Analyze the provided conversation summaries and create a cluster description.
Focus specifically on:
- Technical frameworks and libraries mentioned
- Programming languages used
- Problem complexity level
- Solution approaches
Generate a concise name (max 8 words) that captures the technical essence.
Create a two-sentence description focusing on the technical aspects.
Summaries to analyze:
{% for summary in positive_examples %}
- {{ summary.summary }}
{% endfor %}
Contrast with these examples from other clusters:
{% for example in contrastive_examples[:5] %}
- {{ example.summary }}
{% endfor %}
"""
clusters = await generate_base_clusters_from_conversation_summaries(
summaries,
prompt=technical_prompt
)
3. Configure Performance and Visualization¶
Control concurrency, visualization, and checkpointing:
from rich.console import Console
from kura.checkpoint import CheckpointManager
console = Console()
checkpoint_mgr = CheckpointManager("./cluster_cache", enabled=True)

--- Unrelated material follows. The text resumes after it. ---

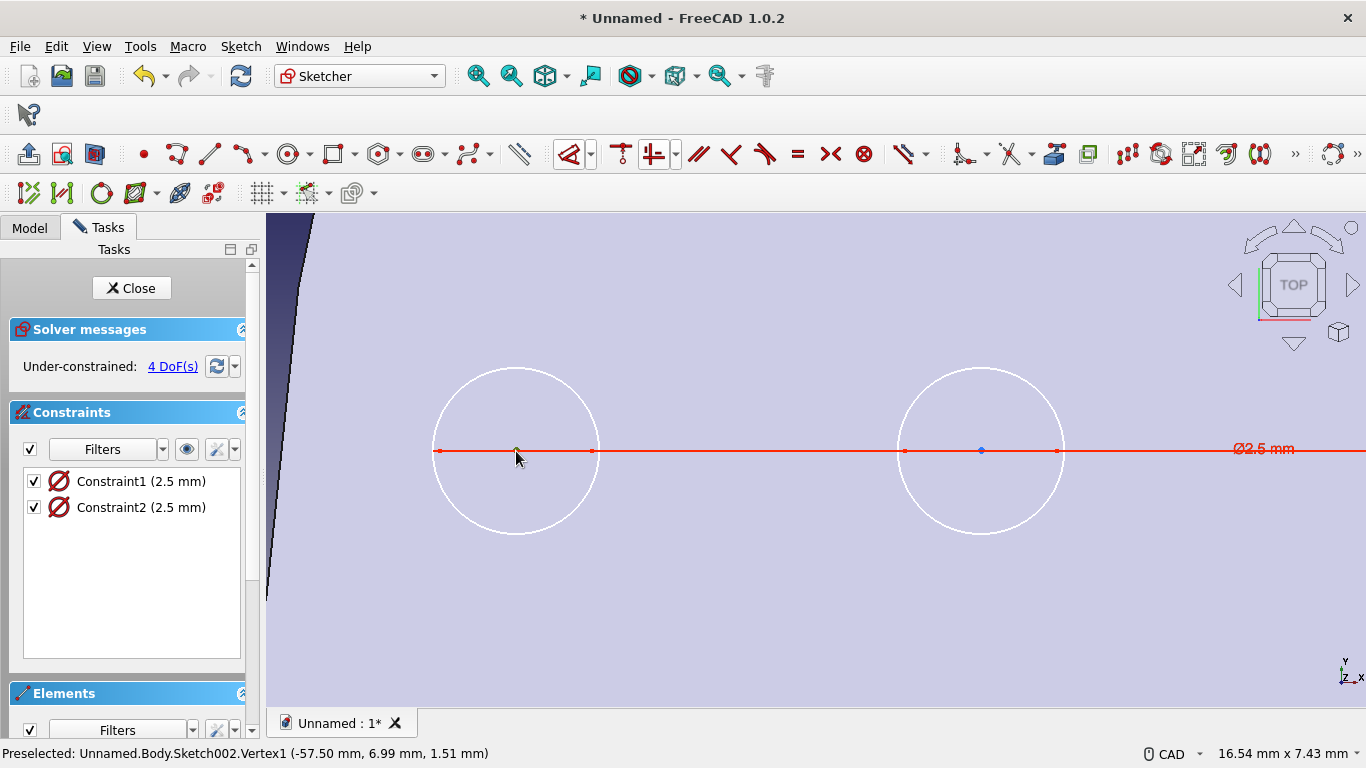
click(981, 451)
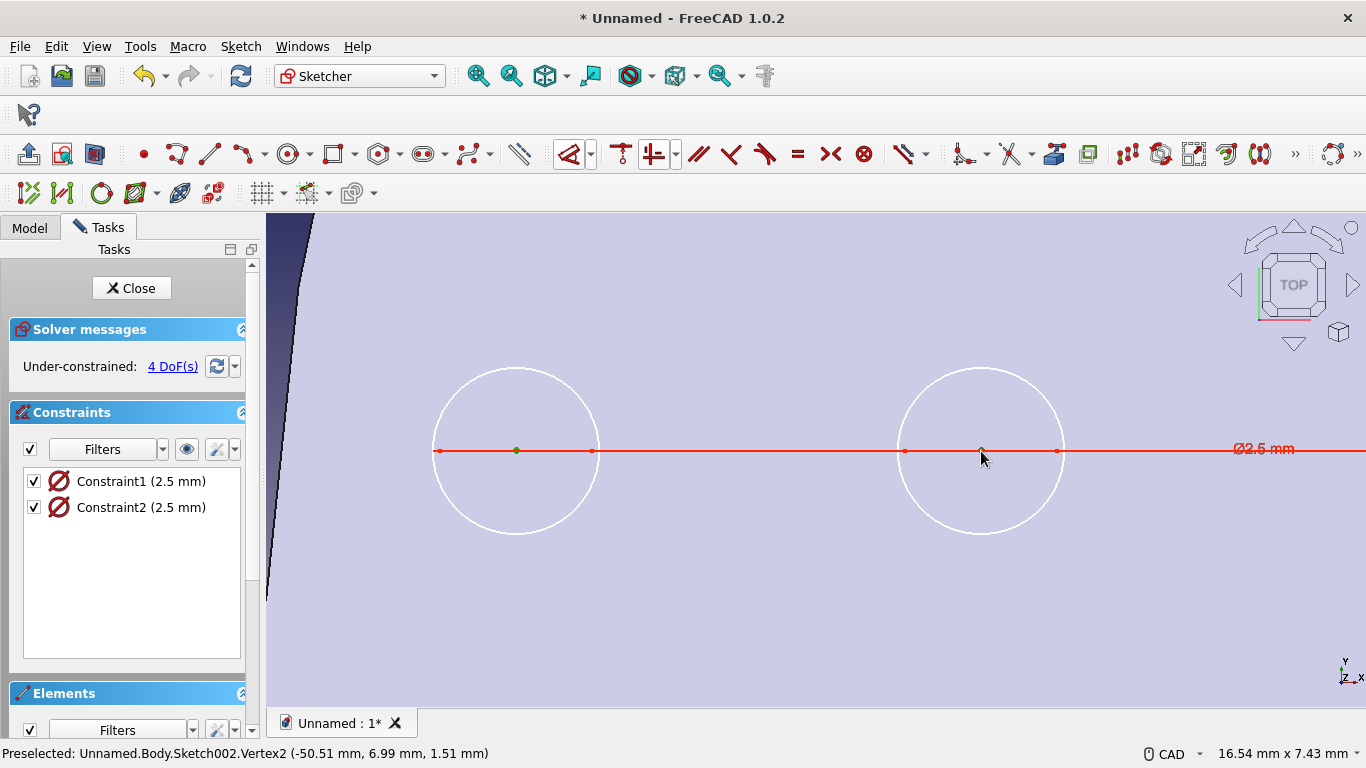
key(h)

cluster_model = ClusterModel(
max_concurrent_requests=50, # Higher concurrency for faster processing
console=console, # Enable rich visualization
)
clusters = await generate_base_clusters_from_conversation_summaries(
summaries,
clustering_model=cluster_model,
checkpoint_manager=checkpoint_mgr, # Cache results
max_contrastive_examples=20, # More examples for better distinction
)
The console visualization provides:
- Real-time progress bars during clustering
- Live preview of the latest 3 generated clusters
- Cluster names, descriptions, and conversation counts
Integration with Kura Pipeline¶
Clustering is the third major step in Kura's analysis pipeline:
- Loading: Conversations are loaded from various sources
- Summarization: Each conversation is summarized using the CLIO framework
- Clustering: Summaries are grouped into meaningful clusters (this step)
- Meta-Clustering: Clusters can be further grouped hierarchically (optional)
- Visualization: Results are explored through interactive interfaces
The procedural API design allows each step to be customized independently while maintaining compatibility with the overall pipeline.